Re: Betting on hepatitis C: how financial speculation in drug development influences access to medicines
We would like to clarify a few points addressed in this week’s BMJ analysis.
First, our focus is to improve care for HCV-infected individuals. We have accomplished this by bringing to market three breakthrough therapies that offer a cure to the vast majority of patients suffering from hepatitis C, a life threatening and debilitating disease. In two and a half years, more than one million HCV patients have been treated with our HCV therapies throughout the world. We believe we have cured more patients in this timeframe than in the previous 20 years.

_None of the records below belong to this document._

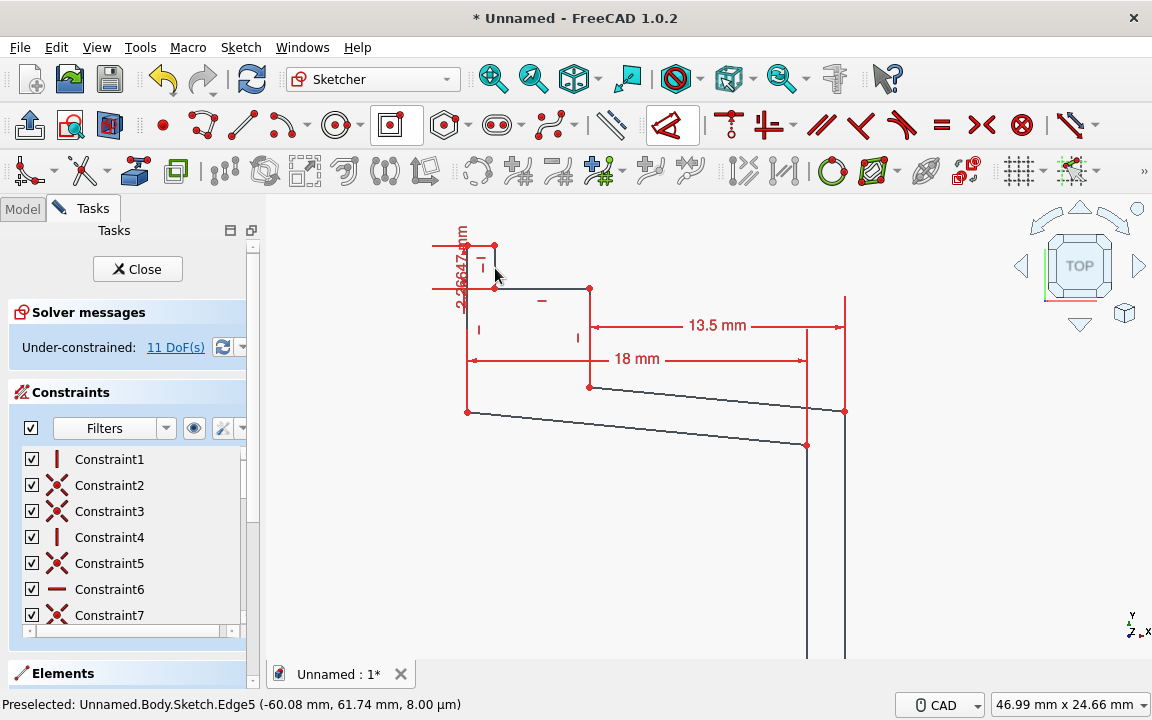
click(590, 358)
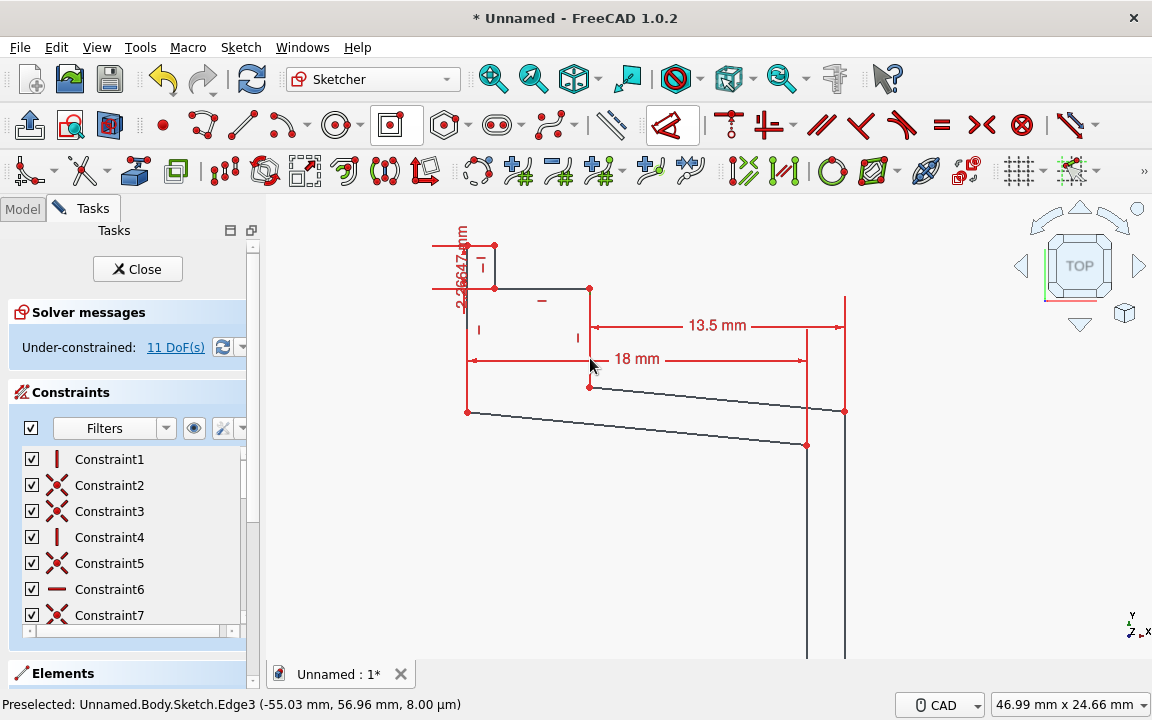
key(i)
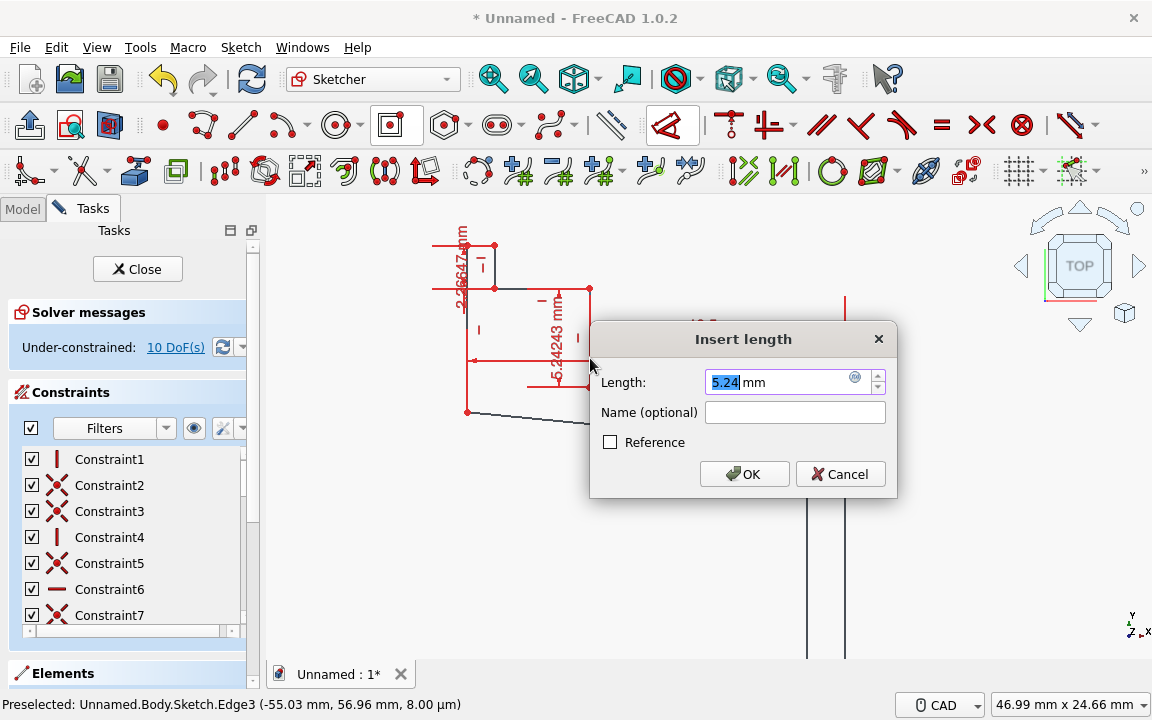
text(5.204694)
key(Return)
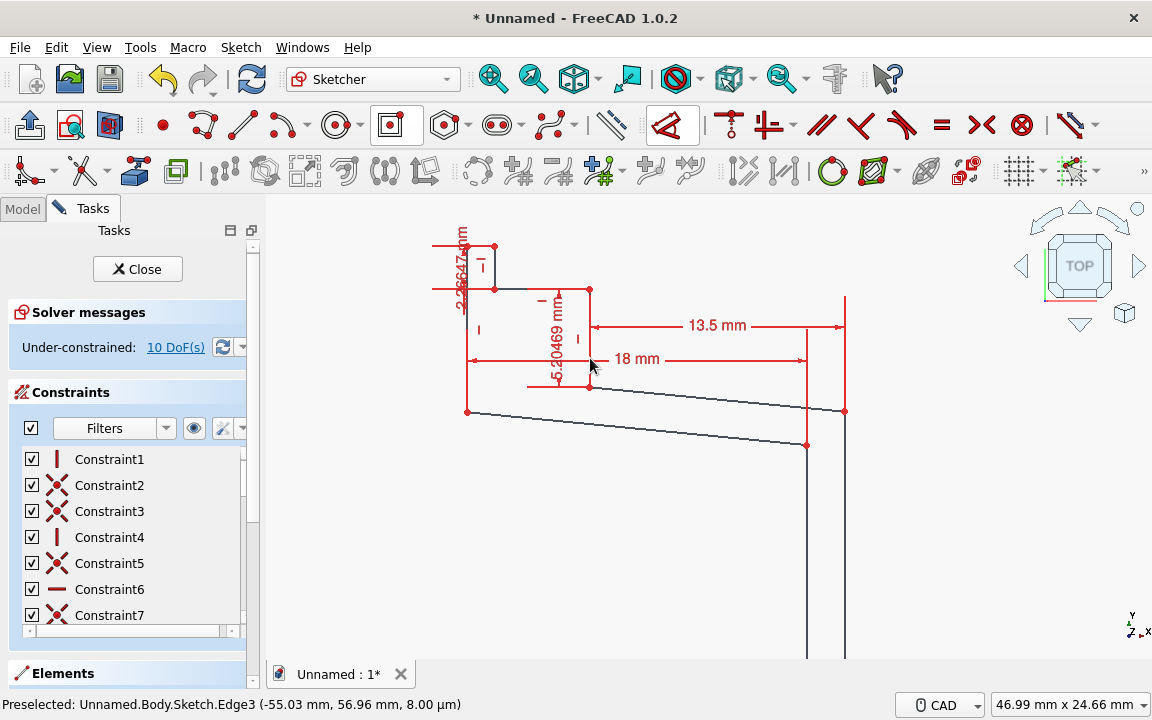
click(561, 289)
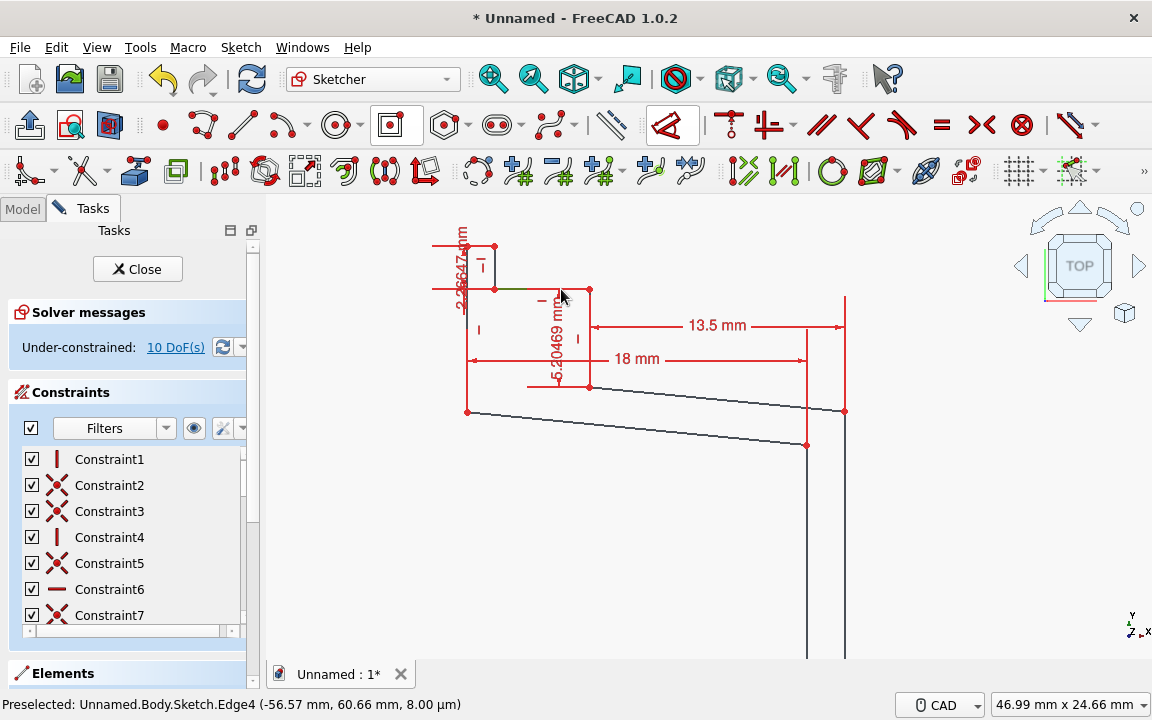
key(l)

Second, our therapies were developed by Pharmasset and Gilead – with no funding from the NIH, the Veterans Association or Emory. Pharmasset did receive a small grant from the IRS for $244,479 under the Qualifying Therapeutic Discovery Project program for the development of sofosbuvir as a tax incentive. In addition, we continue to innovate and improve upon our own medicines. We are actively working on a third single tablet regimen being evaluated in four Phase 3 trials among patients who have previously failed direct-acting antiviral treatment.
Third, the statement that Gilead set a price based solely on internal deliberations is not accurate. Giead conducted extensive research with a broad group of private and public payers to determine a fair and reasonable price. After these discussions, Gilead set the wholesale acquisition cost (WAC) for Sovaldi at $84,000. At this price, a regimen using 12 weeks of sofosbuvir and 12 weeks of pegylated interferon and ribavirin cost $94,000, a price that was neutral to the price of the standard of care at the time (protease inhibitor, pegylated interferon and ribavirin), even though the Sovaldi regimen provided significant improvements over the prior standard of care in terms of cure rates, safety and duration of therapy. Companies set a WAC price, a list price at which wholesale distributors purchase drug products. The WAC price then serves as the basis for negotiated discounts and rebates between manufacturers and payers as competition develops in a therapeutic space. Mandatory discounts are also given to payers like Medicaid. This process is standard in the industry and in this case most payers receive substantial discounts off the list price with the steepest discounts going to government payers like Medicaid and the VA. Both the VA and Medicaid, for example, currently receive discounts in excess of 50% on Harvoni.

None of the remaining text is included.